Part of HSR&D’s Center for Clinical Management Research (CCMR) in Ann Arbor, MI, Drs. Krein and Saint earned the Impact Award for their scientific and operational efforts to make Veterans’ care safer by reducing the risks of unneeded and harmful urinary catheters. Their work has significantly changed practice across VA. Moreover, their work has driven changes in urinary catheter practice in the U.S. private sector and around the world.

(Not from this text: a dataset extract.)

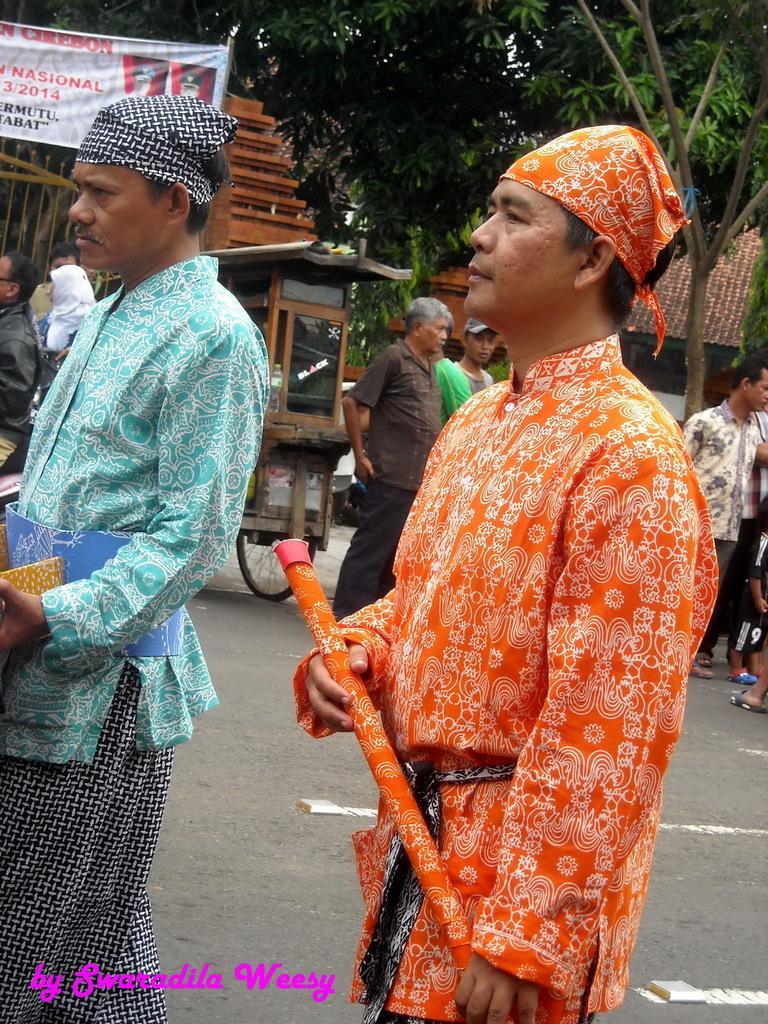Describe this image in one or two sentences. In the image I can see two people holding something and has some cloth on the head and to the side there is a poster and some trees.

Epidemiologic data have revealed that, rather than a simple convenience in caregiving, Foley catheters are a major source of iatrogenic infections—putting patients at risk. Dr. Saint, funded in part through a VA HSR&D Career Development Award, was the first to find that physicians are often unaware which patients have urinary catheters, the first to demonstrate that reminders can limit urinary catheterization, and the first to conduct a randomized trial comparing indwelling and condom catheters. Drs. Saint and Krein teamed up to lead their pioneering HSR&D-funded study to identify barriers and facilitators of the use of key infection prevention practices in U.S. hospitals. This research reinforced the need for a “Bladder Bundle” to reduce catheter-associated urinary tract infection (CAUTI) – one that focuses on multiple ways to decrease use of urinary catheters and increase the use of best infection control practices

Sanjay Saint, MD, MPH

Sanjay Saint, MD, MPH

Drs. Saint and Krein then assisted VA’s National Center for Patient Safety (NCPS) in developing its VA-nationwide CAUTI Breakthrough Series. CAUTI rates fell from 2.37 per 1,000 catheter days before the Series to 1.06 per 1,000 catheter days during implementation. The success of the Bladder Bundle resulted in its national implementation – in more than 1,000 hospitals – through the support of the Agency for Healthcare Research and Quality (AHRQ). A follow-up AHRQ-funded study, guided by Drs. Saint and Krein, focused on CAUTI reduction in both community-based nursing homes and VA Community Living Centers, and CAUTI rates in community-based sites decreased by a remarkable 54% during that initiative.

Drs. Krein and Saint also focus on implementing practices to improve patient safety and have consistently produced findings that help VA reduce and prevent inadvertent harm to patients from the care they receive. HSR&D congratulates Drs. Krein and Saint on this well-deserved award and is grateful for their work on improving patient safety for our nation’s Veterans and the greater patient population.